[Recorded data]
--

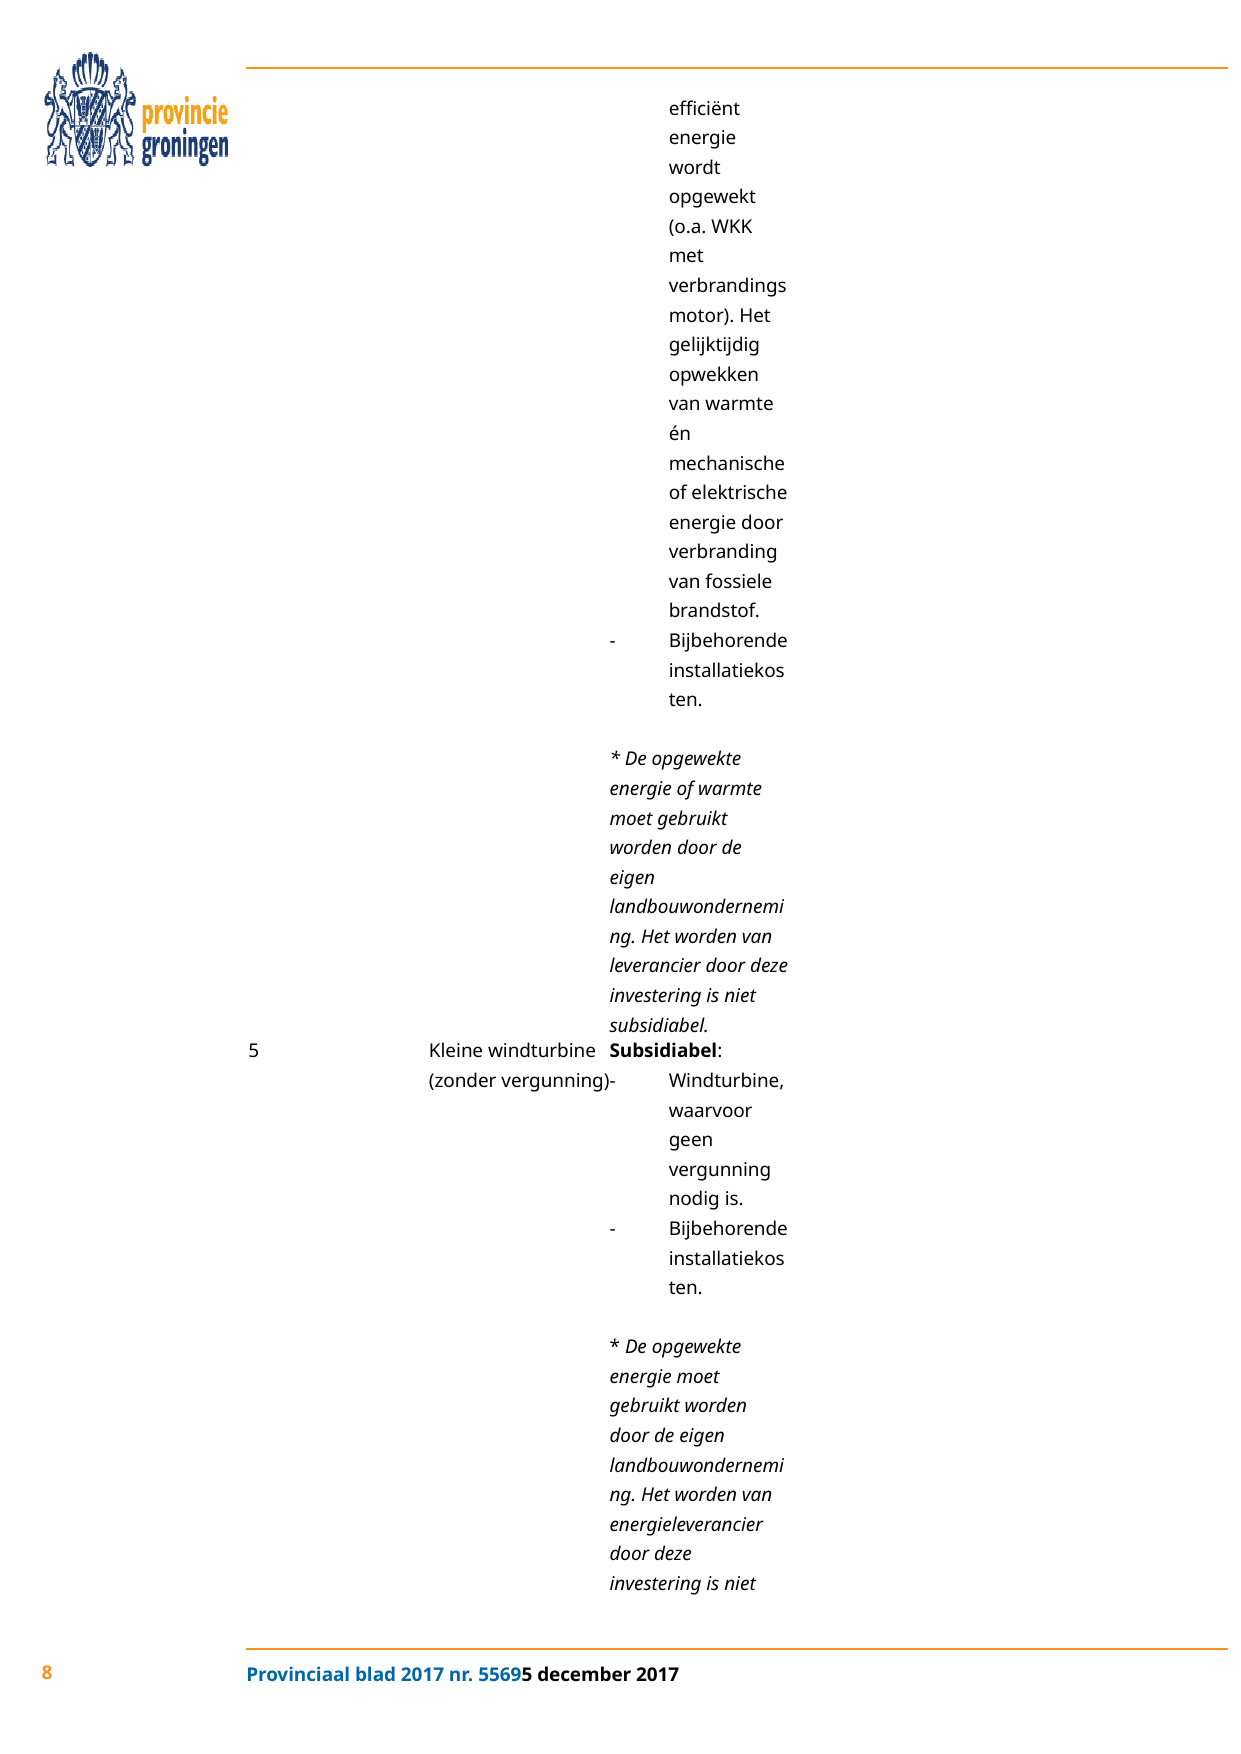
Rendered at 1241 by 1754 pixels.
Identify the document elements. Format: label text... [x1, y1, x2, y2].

table_cell Subsidiabel: Windturbine, waarvoor geen vergunning nodig is. Bijbehorende installatiekosten. * De opgewekte energie moet gebruikt worden door de eigen landbouwonderneming. Het worden van energieleverancier door deze investering is niet [609, 1038, 790, 1596]
picture [41, 47, 231, 172]
table_cell [429, 95, 609, 1038]
table_cell 5 [248, 1038, 429, 1596]
table_cell [248, 95, 429, 1038]
table_cell efficiënt energie wordt opgewekt (o.a. WKK met verbrandingsmotor). Het gelijktijdig opwekken van warmte én mechanische of elektrische energie door verbranding van fossiele brandstof. Bijbehorende installatiekosten. * De opgewekte energie of warmte moet gebruikt worden door de eigen landbouwonderneming. Het worden van leverancier door deze investering is niet subsidiabel. [609, 95, 790, 1038]
table_cell Kleine windturbine (zonder vergunning) [429, 1038, 609, 1596]

--

■ Task requirements ■
Word for word, restate all of the entries above and leave each picture out.

■ Response box ■
Rendered at 1241 by 1754 pixels.
Identify the document elements. Format: label text... [x1, y1, x2, y2].

table_cell Subsidiabel: Windturbine, waarvoor geen vergunning nodig is. Bijbehorende installatiekosten. * De opgewekte energie moet gebruikt worden door de eigen landbouwonderneming. Het worden van energieleverancier door deze investering is niet [609, 1038, 790, 1596]
picture [41, 47, 231, 172]
table_cell [429, 95, 609, 1038]
table_cell 5 [248, 1038, 429, 1596]
table_cell [248, 95, 429, 1038]
table_cell efficiënt energie wordt opgewekt (o.a. WKK met verbrandingsmotor). Het gelijktijdig opwekken van warmte én mechanische of elektrische energie door verbranding van fossiele brandstof. Bijbehorende installatiekosten. * De opgewekte energie of warmte moet gebruikt worden door de eigen landbouwonderneming. Het worden van leverancier door deze investering is niet subsidiabel. [609, 95, 790, 1038]
table_cell Kleine windturbine (zonder vergunning) [429, 1038, 609, 1596]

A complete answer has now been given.